***** Extracted data *****

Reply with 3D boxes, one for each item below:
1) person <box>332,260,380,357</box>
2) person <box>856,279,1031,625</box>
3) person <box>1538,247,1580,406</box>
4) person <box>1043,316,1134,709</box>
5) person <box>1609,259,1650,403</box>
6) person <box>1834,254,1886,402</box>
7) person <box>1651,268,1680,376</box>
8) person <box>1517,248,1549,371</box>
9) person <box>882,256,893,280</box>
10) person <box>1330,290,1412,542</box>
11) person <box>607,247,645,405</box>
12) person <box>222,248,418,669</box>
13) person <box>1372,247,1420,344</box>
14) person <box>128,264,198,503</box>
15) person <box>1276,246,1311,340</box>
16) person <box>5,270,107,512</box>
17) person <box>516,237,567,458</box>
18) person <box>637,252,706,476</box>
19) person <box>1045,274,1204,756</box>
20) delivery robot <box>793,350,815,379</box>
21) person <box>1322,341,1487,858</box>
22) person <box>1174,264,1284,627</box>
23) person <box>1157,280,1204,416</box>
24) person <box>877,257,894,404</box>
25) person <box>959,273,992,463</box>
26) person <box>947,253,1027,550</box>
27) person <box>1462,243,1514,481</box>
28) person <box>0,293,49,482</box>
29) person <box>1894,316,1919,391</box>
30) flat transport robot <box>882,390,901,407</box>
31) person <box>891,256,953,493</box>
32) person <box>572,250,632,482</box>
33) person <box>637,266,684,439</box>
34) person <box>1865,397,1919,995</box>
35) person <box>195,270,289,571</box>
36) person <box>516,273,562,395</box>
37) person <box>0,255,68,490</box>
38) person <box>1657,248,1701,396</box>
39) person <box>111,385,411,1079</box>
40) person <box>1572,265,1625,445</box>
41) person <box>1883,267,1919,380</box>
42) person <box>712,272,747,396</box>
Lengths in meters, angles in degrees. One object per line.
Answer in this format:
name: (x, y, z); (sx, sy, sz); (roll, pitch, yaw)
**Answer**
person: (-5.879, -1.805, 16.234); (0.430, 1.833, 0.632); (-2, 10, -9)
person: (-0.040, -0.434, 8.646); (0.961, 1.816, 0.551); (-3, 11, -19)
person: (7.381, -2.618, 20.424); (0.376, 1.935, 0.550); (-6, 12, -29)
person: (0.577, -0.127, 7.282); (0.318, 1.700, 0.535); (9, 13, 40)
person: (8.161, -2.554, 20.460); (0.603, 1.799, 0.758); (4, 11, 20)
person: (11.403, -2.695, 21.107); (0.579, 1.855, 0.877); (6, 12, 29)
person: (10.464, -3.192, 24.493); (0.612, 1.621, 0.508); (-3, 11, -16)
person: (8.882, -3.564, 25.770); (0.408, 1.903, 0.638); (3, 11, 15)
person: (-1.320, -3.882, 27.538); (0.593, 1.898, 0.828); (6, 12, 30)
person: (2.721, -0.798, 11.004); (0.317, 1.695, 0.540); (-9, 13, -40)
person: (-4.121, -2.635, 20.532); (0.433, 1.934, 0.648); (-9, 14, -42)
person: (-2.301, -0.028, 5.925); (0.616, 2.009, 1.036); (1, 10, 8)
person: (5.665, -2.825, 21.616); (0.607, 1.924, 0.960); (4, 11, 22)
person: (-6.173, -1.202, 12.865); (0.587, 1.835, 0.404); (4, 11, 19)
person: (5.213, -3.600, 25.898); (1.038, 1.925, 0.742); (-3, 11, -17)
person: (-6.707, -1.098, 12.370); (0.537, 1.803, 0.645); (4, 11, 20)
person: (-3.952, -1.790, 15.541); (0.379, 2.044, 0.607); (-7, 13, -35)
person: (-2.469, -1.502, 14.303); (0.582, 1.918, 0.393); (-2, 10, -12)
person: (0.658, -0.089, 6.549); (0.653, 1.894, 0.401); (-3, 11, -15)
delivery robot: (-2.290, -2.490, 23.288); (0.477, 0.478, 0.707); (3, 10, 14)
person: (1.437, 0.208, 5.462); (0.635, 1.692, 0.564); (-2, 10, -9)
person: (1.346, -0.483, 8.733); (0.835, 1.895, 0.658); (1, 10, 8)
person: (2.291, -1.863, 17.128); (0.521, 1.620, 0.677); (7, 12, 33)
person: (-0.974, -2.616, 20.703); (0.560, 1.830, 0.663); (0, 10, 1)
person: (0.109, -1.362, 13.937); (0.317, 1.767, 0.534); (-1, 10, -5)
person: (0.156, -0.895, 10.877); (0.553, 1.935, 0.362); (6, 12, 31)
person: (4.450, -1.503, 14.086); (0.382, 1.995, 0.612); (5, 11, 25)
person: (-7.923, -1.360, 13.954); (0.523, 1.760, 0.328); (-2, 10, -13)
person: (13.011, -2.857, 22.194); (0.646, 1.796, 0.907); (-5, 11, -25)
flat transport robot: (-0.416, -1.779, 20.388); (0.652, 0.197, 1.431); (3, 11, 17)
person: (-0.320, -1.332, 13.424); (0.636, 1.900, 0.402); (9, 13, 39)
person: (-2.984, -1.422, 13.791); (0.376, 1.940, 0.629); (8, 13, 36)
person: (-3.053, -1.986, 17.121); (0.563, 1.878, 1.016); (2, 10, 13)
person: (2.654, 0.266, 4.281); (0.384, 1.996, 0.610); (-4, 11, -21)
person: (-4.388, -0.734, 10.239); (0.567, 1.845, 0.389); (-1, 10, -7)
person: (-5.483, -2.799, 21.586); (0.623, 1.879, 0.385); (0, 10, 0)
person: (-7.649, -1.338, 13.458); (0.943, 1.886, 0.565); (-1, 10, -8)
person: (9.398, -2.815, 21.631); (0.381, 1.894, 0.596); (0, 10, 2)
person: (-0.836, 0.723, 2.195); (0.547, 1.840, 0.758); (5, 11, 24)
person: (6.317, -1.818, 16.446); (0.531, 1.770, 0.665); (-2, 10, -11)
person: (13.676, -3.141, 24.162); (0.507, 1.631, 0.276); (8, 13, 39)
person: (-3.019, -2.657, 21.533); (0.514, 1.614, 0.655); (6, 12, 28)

*****

● **What the task asks**: Word for word, repeat the data from its first line through the line with "28) person <box>0,293,49,482</box>", including both of those lines and no others.

● **Response below**:
Reply with 3D boxes, one for each item below:
1) person <box>332,260,380,357</box>
2) person <box>856,279,1031,625</box>
3) person <box>1538,247,1580,406</box>
4) person <box>1043,316,1134,709</box>
5) person <box>1609,259,1650,403</box>
6) person <box>1834,254,1886,402</box>
7) person <box>1651,268,1680,376</box>
8) person <box>1517,248,1549,371</box>
9) person <box>882,256,893,280</box>
10) person <box>1330,290,1412,542</box>
11) person <box>607,247,645,405</box>
12) person <box>222,248,418,669</box>
13) person <box>1372,247,1420,344</box>
14) person <box>128,264,198,503</box>
15) person <box>1276,246,1311,340</box>
16) person <box>5,270,107,512</box>
17) person <box>516,237,567,458</box>
18) person <box>637,252,706,476</box>
19) person <box>1045,274,1204,756</box>
20) delivery robot <box>793,350,815,379</box>
21) person <box>1322,341,1487,858</box>
22) person <box>1174,264,1284,627</box>
23) person <box>1157,280,1204,416</box>
24) person <box>877,257,894,404</box>
25) person <box>959,273,992,463</box>
26) person <box>947,253,1027,550</box>
27) person <box>1462,243,1514,481</box>
28) person <box>0,293,49,482</box>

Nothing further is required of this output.